Chris Knight was for many years Professor of Anthropology at the University of East London, although he is now retired. Best known for his 1991 book, Blood Relations: Menstruation and the Origins of Culture, he co-founded the Evolution of Language (EVOLANG) series of international conferences and has published widely on the evolutionary emergence of language and symbolic culture.

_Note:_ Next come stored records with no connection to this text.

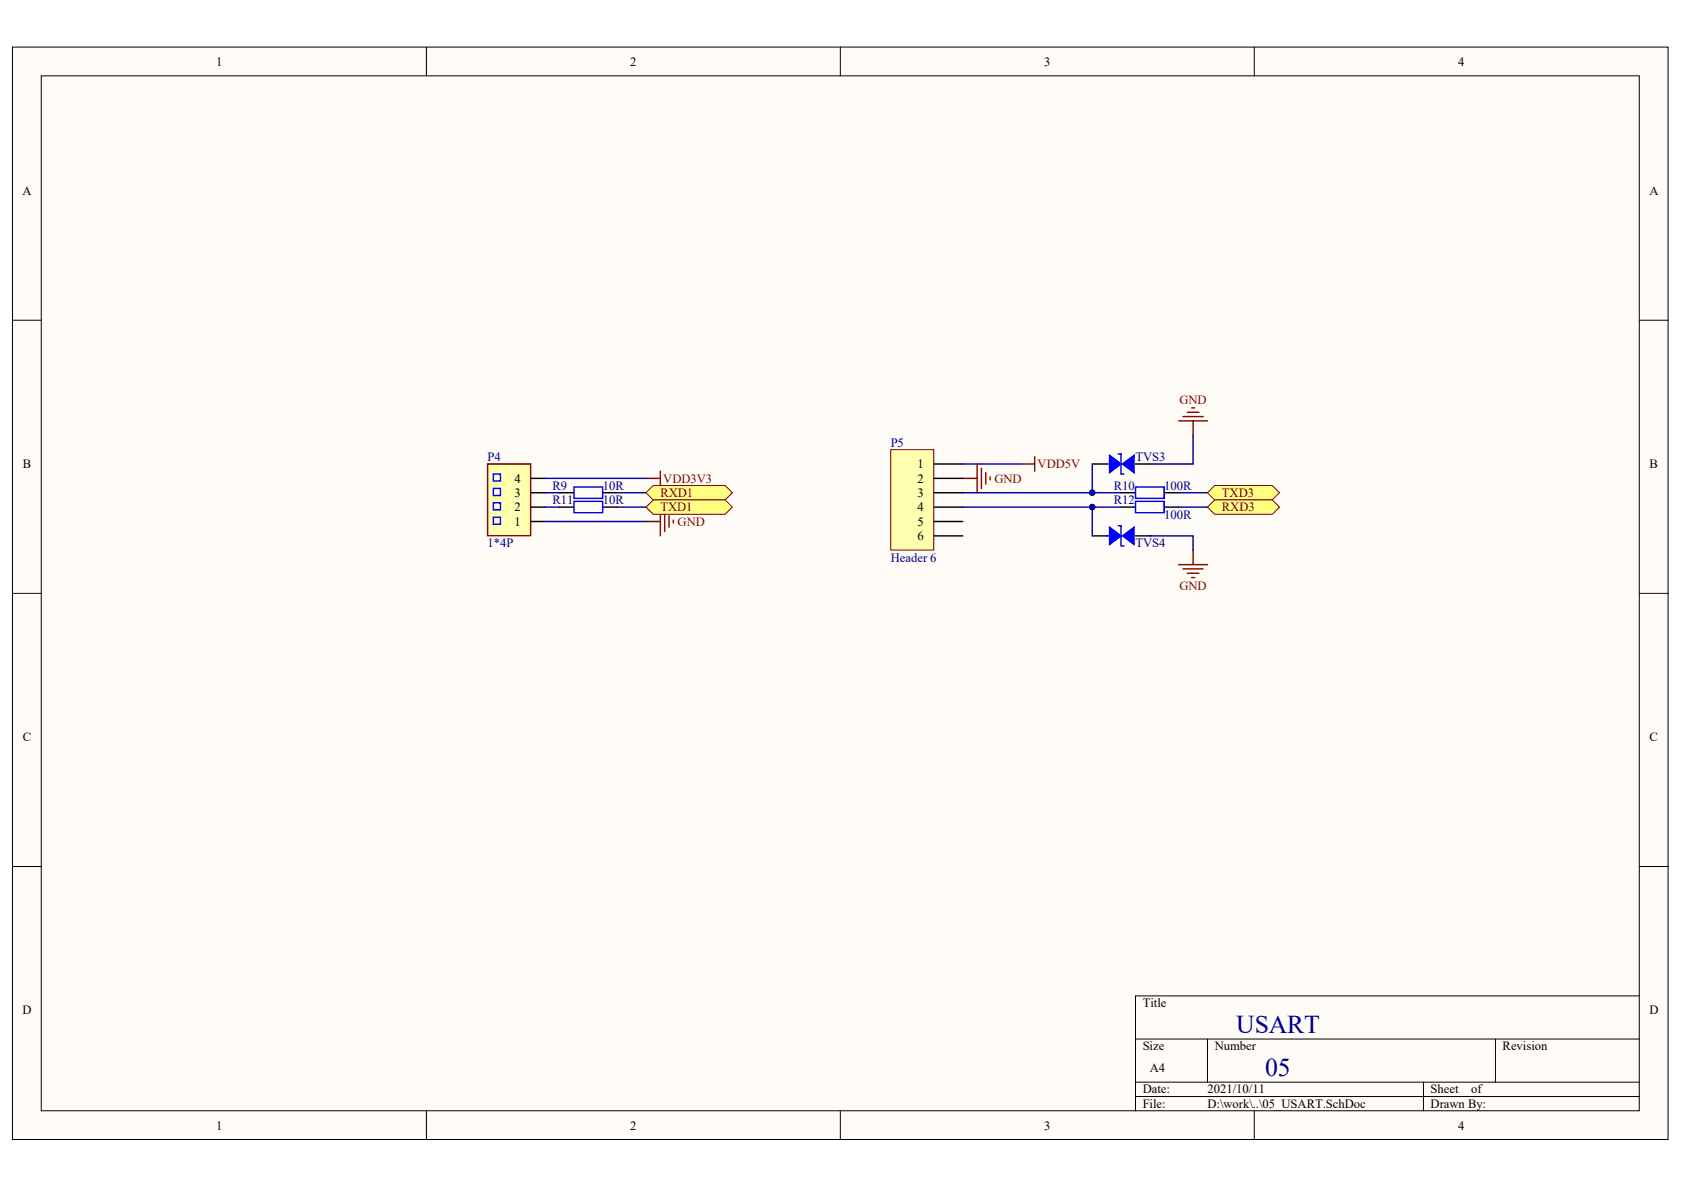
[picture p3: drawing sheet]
<svg xmlns="http://www.w3.org/2000/svg" width="297mm" height="210mm" viewBox="0 0 297 210" stroke-linecap="round" stroke-linejoin="round" font-family="sans-serif">
<defs><g id="words">
<g font-size="4.5" fill="#000080">
<text x="218.1" y="182.3">USART</text>
<text x="223.1" y="189.9">05</text>
</g>
<g font-size="2.2">
<text x="38.2" y="11.6">1</text>
<text x="111.2" y="11.6">2</text>
<text x="184.2" y="11.6">3</text>
<text x="257.2" y="11.6">4</text>
<text x="4" y="34.4">A</text>
<text x="290.9" y="34.4">A</text>
<text x="4" y="82.6">B</text>
<text x="161.8" y="82.6">1</text>
<text x="291" y="82.6">B</text>
<text x="90.7" y="87.7">3</text>
<text x="90.7" y="85.1">4</text>
<text x="161.8" y="85.1">2</text>
<text x="161.8" y="87.7">3</text>
<text x="90.7" y="92.8">1</text>
<text x="90.7" y="90.2">2</text>
<text x="161.8" y="90.2">4</text>
<text x="161.8" y="92.8">5</text>
<text x="161.8" y="95.3">6</text>
<text x="4" y="130.7">C</text>
<text x="291" y="130.7">C</text>
<text x="4" y="178.9">D</text>
<text x="201.6" y="177.7">Title</text>
<text x="290.9" y="178.9">D</text>
<text x="201.6" y="185.3">Size</text>
<text x="214.3" y="185.3">Number</text>
<text x="265" y="185.3">Revision</text>
<text x="202.8" y="189.1">A4</text>
<text x="201.6" y="192.9">Date:</text>
<text x="201.6" y="195.4">File:</text>
<text x="213" y="192.9">2021/10/11</text>
<text x="213" y="195.4">D:\work\..\05_USART.SchDoc</text>
<text x="252.4" y="192.9">Sheet</text>
<text x="252.4" y="195.4">Drawn By:</text>
<text x="259.5" y="192.9">of</text>
<text x="38.2" y="199.2">1</text>
<text x="111.2" y="199.2">2</text>
<text x="184.2" y="199.2">3</text>
<text x="257.2" y="199.2">4</text>
</g>
<g font-size="2.2" fill="#800000">
<text x="208" y="71.2">GND</text>
<text x="183" y="82.6">VDD5V</text>
<text x="116.5" y="87.7">RXD1</text>
<text x="117" y="85.1">VDD3V3</text>
<text x="175.4" y="85.1">GND</text>
<text x="215.5" y="87.7">TXD3</text>
<text x="116.5" y="90.2">TXD1</text>
<text x="119.5" y="92.8">GND</text>
<text x="215.5" y="90.2">RXD3</text>
<text x="208" y="104.1">GND</text>
</g>
<g font-size="2.2" fill="#000080">
<text x="86" y="81.3">P4</text>
<text x="157.1" y="78.8">P5</text>
<text x="200.3" y="81.3">TVS3</text>
<text x="97.4" y="89">R11</text>
<text x="97.4" y="86.4">R9</text>
<text x="106.3" y="89">10R</text>
<text x="106.3" y="86.4">10R</text>
<text x="196.5" y="89">R12</text>
<text x="196.5" y="86.4">R10</text>
<text x="205.4" y="86.4">100R</text>
<text x="205.4" y="91.5">100R</text>
<text x="86" y="96.6">1*4P</text>
<text x="157.1" y="99.1">Header 6</text>
<text x="200.3" y="96.6">TVS4</text>
</g>
</g></defs>
<g fill="#fffcf8" stroke="#000" stroke-width=".18">
<path d="M2.2 8.3h292v192.7h-292z"/>
<path d="M7.3 13.4h281.8v182.5h-281.8z"/>
</g>
<g fill="none" stroke="#000" stroke-width=".18">
<path d="M75.2 8.3v5.1M148.2 8.3v5.1M221.2 8.3v5.1M2.2 56.5h5.1M289.2 56.5h5.1M2.2 104.7h5.1M289.2 104.7h5.1M2.2 152.8h5.1M289.2 152.8h5.1M289.2 175.7h-88.9v20.3M75.2 196v5M148.2 196v5"/>
<path d="M200.3 183.3h88.9M200.3 190.9h88.9M200.3 193.4h88.9M213 183.3v7.6M221.2 196v5M251.1 190.9v5.1M263.8 183.3v7.6"/>
</g>
<path d="M192.7 94.5h2.5M192.7 81.8h2.5M197.7 89.5h2.6M197.7 86.9h2.6M200.3 94.5h2.5M200.3 81.8h2.5M205.4 89.5h2.5M205.4 86.9h2.5" fill="none" stroke="#000" stroke-width=".25"/>
<path d="M195.2 94.5h.8M195.2 81.8h.8M197.2 80.1h.5v3.5h.6M197.2 92.7h.5v3.6h.6M197.2 94.5h.5M197.2 81.8h.5M200.3 88.4h5v2h-5zM200.3 85.9h5v2h-5z" fill="none" stroke="#00f" stroke-width=".25"/>
<g fill="#00f" stroke="#00f" stroke-width=".25">
<path d="M195.7 93l2 1.5-2 1.5z"/>
<path d="M198 94.5l2-1.5v3z"/>
<path d="M195.7 80.3l2 1.5-2 1.6z"/>
<path d="M198 81.8l2-1.5v3.1z"/>
</g>
<path d="M180 81.8h2.5M182.5 80.6v2.5" fill="none" stroke="#800000" stroke-width=".25"/>
<g fill="#ffff80" stroke="#800000" stroke-width=".18">
<path d="M213 86.9l1.3-1.3h10.1l1.3 1.3-1.3 1.3h-10.1z" fill-rule="evenodd"/>
<path d="M213 89.5l1.3-1.3h10.1l1.3 1.3-1.3 1.2h-10.1z" fill-rule="evenodd"/>
</g>
<g fill="none" stroke="#800000" stroke-width=".25">
<path d="M207.9 74.2h5.1M208.7 73.5h3.5M209.4 72.7h2.1M210.2 72h.5M210.4 74.2v2.6M113.9 92h2.6M113.9 84.4h2.6M116.5 83.1v2.5M116.5 89.5v5M117.2 90.2v3.6M118 91v2M118.8 91.7v.5"/>
<path d="M207.9 99.6h5.1M210.4 97.1v2.5M208.7 100.4h3.5M209.4 101.1h2.1M210.2 101.9h.5"/>
</g>
<path d="M98.7 89.5h2.5M98.7 86.9h2.5M106.3 89.5h2.6M106.3 86.9h2.6" fill="none" stroke="#000" stroke-width=".25"/>
<path d="M101.2 88.4h5.1v2h-5.1zM101.2 85.9h5.1v2h-5.1z" fill="none" stroke="#00f" stroke-width=".25"/>
<g fill="#ffff80" stroke="#800000" stroke-width=".18">
<path d="M113.9 86.9l1.3-1.3h12.7l1.3 1.3-1.3 1.3h-12.7z" fill-rule="evenodd"/>
<path d="M113.9 89.5l1.3-1.3h12.7l1.3 1.3-1.3 1.2h-12.7z" fill-rule="evenodd"/>
</g>
<path d="M86 81.8h7.6v12.7h-7.6z" fill="#ffffb0" stroke="#800000" stroke-width=".25"/>
<g fill="#fff" stroke="#00f" stroke-width=".25">
<path d="M87 86.2h1.3v1.2h-1.3z"/>
<path d="M87 83.6h1.3v1.3h-1.3z"/>
<path d="M87 88.7h1.3v1.2h-1.3z"/>
<path d="M87 91.2h1.3v1.3h-1.3z"/>
</g>
<path d="M93.6 92h2.6M93.6 89.5h2.6M93.6 86.9h2.6M93.6 84.4h2.6" fill="none" stroke="#000" stroke-width=".25"/>
<path d="M96.2 84.4h17.7M108.9 89.5h5M108.9 86.9h5M169.8 81.8h10.2M192.7 81.8v5.1h5M197.7 89.5h-5v5M202.8 94.5h.1M207.9 89.5h5.1M207.9 86.9h5.1" fill="none" stroke="#0000bf" stroke-width=".25"/>
<path d="M210.4 76.8v5h-7.6M96.2 92h17.7M96.2 86.9h2.5M96.2 89.5h2.5M169.8 86.9h22.9M169.8 89.5h22.9M202.8 94.5h7.6v2.6" fill="none" stroke="#000080" stroke-width=".25"/>
<path d="M169.8 84.4h2.6M172.4 81.8v5.1M173.1 82.6v3.6M173.9 83.4v2M174.6 84.1v.5" fill="none" stroke="#800000" stroke-width=".25"/>
<path d="M157.1 79.3h7.6v17.7h-7.6z" fill="#ffffb0" stroke="#800000" stroke-width=".18"/>
<path d="M164.7 81.8h5.1M164.7 84.4h5.1M164.7 86.9h5.1M164.7 89.5h5.1M164.7 92h5.1M164.7 94.5h5.1" fill="none" stroke="#000" stroke-width=".25"/>
<g fill="#000080" stroke="#000080" stroke-width=".18">
<circle cx="192.7" cy="89.4" r=".49"/>
<circle cx="192.7" cy="86.9" r=".49"/>
</g>
<use href="#words"/>
</svg>

Jerome Lewis lectures in Social Anthropology at University College London and co-directs the Hunter-Gatherer Resilience Project, the Extreme Citizen Science Research Group and UCL's Environment Institute. His research focuses on Pygmy hunter-gatherers and former hunter-gatherers in Central Africa. Current research focuses on communication and cultural transmission in egalitarian hunter-gatherer societies.